Better Prep & Round Two with the Ooni Pizza Oven
I’ve always liked the following quote. My Dad didn’t make it up, but he liked to remind me of it when I was a kid:
“Good judgement comes from experience… And experience comes from bad judgement.”
Armed with my experience and bad judgement from the Mother’s Day test run, I did a bit more prep before Round 2.
I purchased an Ooni 12” Classic Pizza Peel and was given an extra infrared thermometer by my Mother-in-law. My wife also made the simple enhancement of putting the uncooked pizzas on wax paper, then cutting out the paper around the edges of the crust.
Proper Pre-Heating and Prep
My 2nd run with the Ooni Pizza Oven yet again occurred on a windy day. However this time I moved the oven to the corner of the yard under a pergola where our fire table sits. With much better protection from the wind in this corner, I experienced no issues with the flame going out.
To pre-heat the oven and my pizza stone, I turned up the gas almost to the highest level, and set my watch for 15 minutes. Using my fancy (actually not really that fancy) infrared thermometer, I verified the pizza stone was around 740 degrees (Fahrenheit) near its center.
I then turned down the gas to a much lower level than I had on my first test run. The basic goal here was to ensure a really hot stone and better-cooked dough, with a lower flame and air temperature for less burning on top.
With my peel ready and wax paper under the dough, it was time to fire things up.
Cooking and Practicing Patience
The Ooni website and instructional materials make a lot of mentions of “60 second pizza.” They say things like “Cooks stone-baked fresh 12” pizza in just 60 seconds.”
That’s not necessarily untrue. However, I had way more success cooking at a lower temperature for two-and-a-half to three minutes.
Having my phone out with the timer on was helpful. It helped me stay on schedule with rotating my pies every 30 seconds. The back of the oven closer to the flame is obviously hotter than the front of the oven. So rotation is key.
After a few rotations with the pizza peel, the dough usually hardens enough to pull out the wax paper underneath. In my experience, only the small edges of the paper that stuck out beyond the edges of the pizza burned.
The end result was pleasantly surprising. Fluffy warm dough cooked all the way through from center to edge. Hot melted cheese and very lightly singed toppings that were crispy but not burned.

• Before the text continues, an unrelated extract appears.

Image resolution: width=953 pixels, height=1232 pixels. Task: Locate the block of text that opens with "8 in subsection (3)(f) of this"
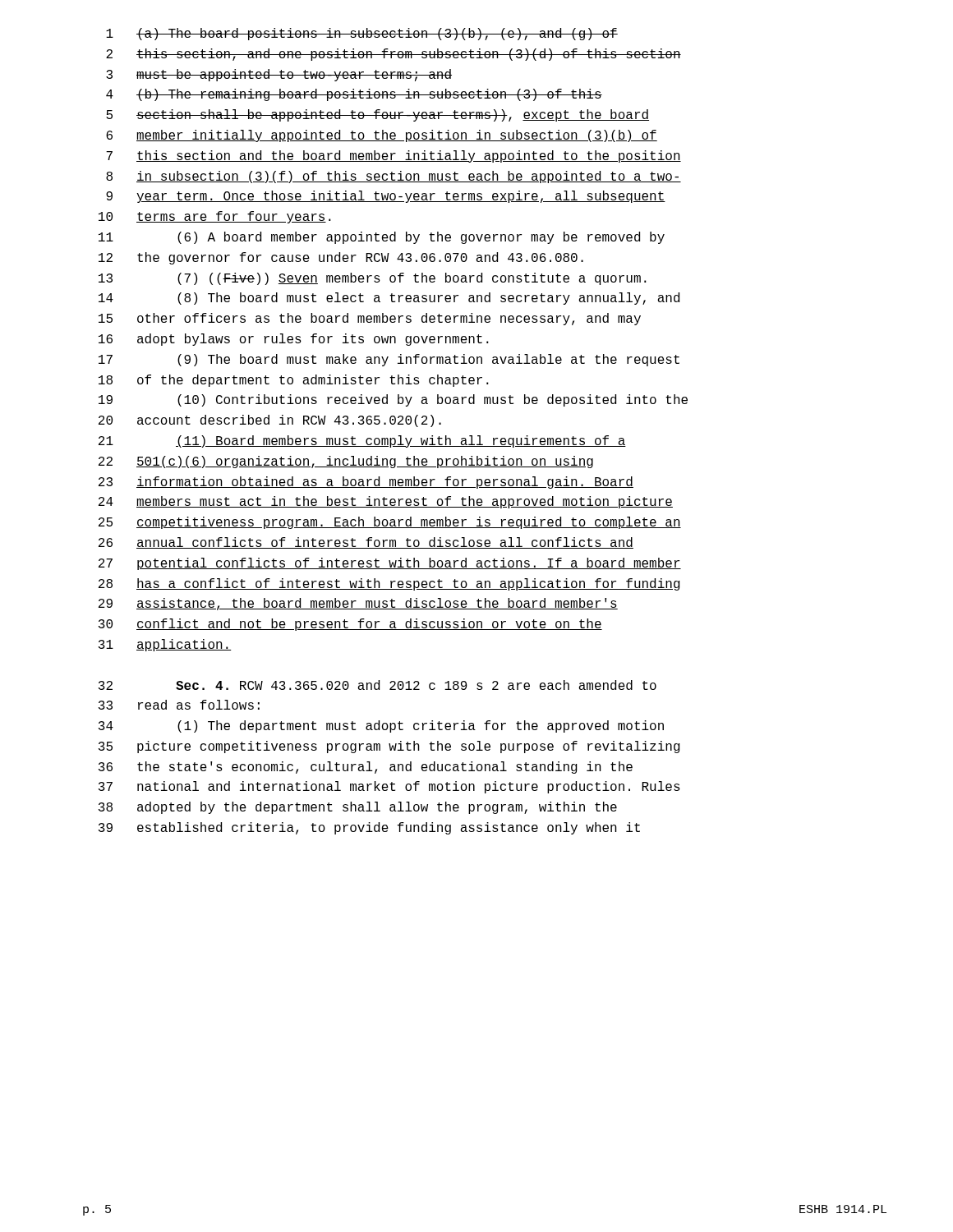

Not Just a Fluke, More Fast & Tasty Pizza
They boys now had their pepperoni and cheese pizzas, and legitimately appeared to be enjoying them. Armed with my peel and newfound confidence, I proceeded to ready my next round.
I neglected to check the stone temperature with my infrared thermometer at this point, which will be an area of improvement for next time. I think perhaps the temperature dropped a little more than I’d wanted, as my next round of pizzas each took close to three-and-a-half minutes to properly cook.
Nonetheless, I was pleased again with the end result, with photographic evidence below:
Even taking a little extra time to pre-heat and cook the pies themselves, from set up of the oven to completion I had all four pizzas finished within about 25 minutes. Measuring success by the number of leftover pieces from everyone else’s pizzas, it was a good night. I didn’t overeat finishing other people’s scraps because there weren’t any.
Final Verdict for the Ooni Pizza Oven
Overall, I’m really happy with this purchase so far. Honestly, it’s not a product i would have normally shelled out $349 for. But I’m glad Mother’s Day was my excuse to buy it.
Financially, I don’t know if we’ll eat enough pizza to offset the cost over time, but it does save some money. If you use something like Trader Joe’s Ready to Bake Pizza Dough ($1.50 at my local store), you’re in good shape. Each dough ball made two of small pizzas pictured above for the 12″ Ooni oven.
Even after the cost of your pizza sauce, mozzarella cheese and other toppings, you’ll still save a healthy amount versus takeout or delivery each time you use your Ooni. I’m guessing if I end up using it 20+ times, it will probably pay for itself.
Despite my very limited culinary skills, by my 2nd time using the Ooni, I actually did a pretty serviceable job cooking the pizzas. Clean up is also very easy. When using wax paper especially, there’s almost no mess left on the pizza stone after each bake.